When people are shown "data" and reports, they fill in the blanks. They supply the context and infer the meaning. Having done all of that heavy lifting, it's easy to succumb to one or more of the cognitive fallacies that Daniel Kahneman describes in "Thinking Fast and Slow" such as "The Illusion of Understanding" or "The Illusion of Validity." You basically trick yourself into believing that it was the data alone that led directly your conclusions; the data suddenly seems like information. 

Every researcher has felt frustration after designing a "carefully controlled" experiment with carefully constructed data collection, only to overlook, or to be accused of overlooking, some critical element - for failing to collect that crucial piece of data or for wording questionnaires badly and eliciting responses that cannot be interpreted. 

What EHR has had its data-collection processes designed and tested as thoroughly as the typical R-1 research study? I have yet to see one. Hospitals and vendors assign these tasks to novices, not to data scientists and statisticians, and never give it a second thought. That's why I assert that naked data elements, without context and metadata, are not information and have insufficient long-term value to justify the effort and expense that is currently being devoted to their collection.

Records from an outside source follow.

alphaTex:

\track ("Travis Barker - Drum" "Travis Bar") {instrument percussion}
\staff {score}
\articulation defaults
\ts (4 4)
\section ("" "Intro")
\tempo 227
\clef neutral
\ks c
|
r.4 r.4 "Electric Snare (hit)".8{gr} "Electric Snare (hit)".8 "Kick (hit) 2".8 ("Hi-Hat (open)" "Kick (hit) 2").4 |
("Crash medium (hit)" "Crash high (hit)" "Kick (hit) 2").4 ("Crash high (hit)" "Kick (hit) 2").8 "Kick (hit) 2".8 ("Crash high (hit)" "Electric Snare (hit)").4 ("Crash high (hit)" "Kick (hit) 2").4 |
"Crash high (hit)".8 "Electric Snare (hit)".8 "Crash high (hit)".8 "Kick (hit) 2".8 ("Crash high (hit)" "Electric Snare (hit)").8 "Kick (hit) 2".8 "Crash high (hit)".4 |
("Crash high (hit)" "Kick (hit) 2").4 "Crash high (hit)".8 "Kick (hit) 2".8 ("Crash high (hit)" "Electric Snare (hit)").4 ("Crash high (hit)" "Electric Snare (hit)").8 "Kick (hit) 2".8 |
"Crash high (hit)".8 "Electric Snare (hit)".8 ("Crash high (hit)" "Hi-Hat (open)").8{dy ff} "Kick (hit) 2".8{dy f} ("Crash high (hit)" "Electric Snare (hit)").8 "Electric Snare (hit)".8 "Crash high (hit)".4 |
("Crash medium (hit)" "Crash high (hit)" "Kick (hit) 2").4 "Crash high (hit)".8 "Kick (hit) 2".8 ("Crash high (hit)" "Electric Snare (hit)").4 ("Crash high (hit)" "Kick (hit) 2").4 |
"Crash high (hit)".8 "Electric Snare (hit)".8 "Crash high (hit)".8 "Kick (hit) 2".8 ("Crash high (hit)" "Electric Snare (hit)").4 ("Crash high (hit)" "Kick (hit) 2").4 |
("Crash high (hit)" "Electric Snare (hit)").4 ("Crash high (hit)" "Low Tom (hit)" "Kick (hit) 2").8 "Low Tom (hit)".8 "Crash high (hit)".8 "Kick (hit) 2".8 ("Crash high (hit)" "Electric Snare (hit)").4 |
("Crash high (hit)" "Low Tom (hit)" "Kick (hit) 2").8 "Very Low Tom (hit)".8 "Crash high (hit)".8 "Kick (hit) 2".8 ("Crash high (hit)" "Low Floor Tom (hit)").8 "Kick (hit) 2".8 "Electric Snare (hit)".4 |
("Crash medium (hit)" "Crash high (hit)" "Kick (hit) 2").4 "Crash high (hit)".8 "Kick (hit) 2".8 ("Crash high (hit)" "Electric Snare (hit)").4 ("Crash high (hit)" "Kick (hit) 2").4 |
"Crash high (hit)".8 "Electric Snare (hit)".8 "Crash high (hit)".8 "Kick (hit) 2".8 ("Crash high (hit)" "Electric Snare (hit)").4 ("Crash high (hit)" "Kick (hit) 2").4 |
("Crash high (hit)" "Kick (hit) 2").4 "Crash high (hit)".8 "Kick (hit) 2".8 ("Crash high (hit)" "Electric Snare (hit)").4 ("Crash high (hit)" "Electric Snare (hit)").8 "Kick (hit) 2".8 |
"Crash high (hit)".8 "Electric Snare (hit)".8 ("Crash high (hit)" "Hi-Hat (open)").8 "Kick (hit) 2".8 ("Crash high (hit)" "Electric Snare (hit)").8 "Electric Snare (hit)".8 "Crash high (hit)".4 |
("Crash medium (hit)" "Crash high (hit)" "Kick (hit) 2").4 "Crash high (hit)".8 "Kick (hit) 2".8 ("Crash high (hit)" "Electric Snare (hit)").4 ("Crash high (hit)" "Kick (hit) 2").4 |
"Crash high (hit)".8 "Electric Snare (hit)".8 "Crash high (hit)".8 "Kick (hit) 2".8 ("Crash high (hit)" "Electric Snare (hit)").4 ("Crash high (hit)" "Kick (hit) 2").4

Today's EHRs are the culmination of a 50-year experiment in applying computing machines to information gathering. There is a growing consensus that something is wrong and a prevailing opinion that the problem is us - that we are resistant, poorly organized and managed, unwilling to conform to standards. The real take-home message is that the computing paradigm doesn't fit the problem. Data can always be distilled from information but given only data, information cannot be resurrected.

If EHR was a drug, the Phase III trial would have ended and the drug (EHR) deemed to be neither sufficiently safe nor effective and should not be approved for general use. It's time for a new paradigm that focuses on information gathering. It's time for a new experiment.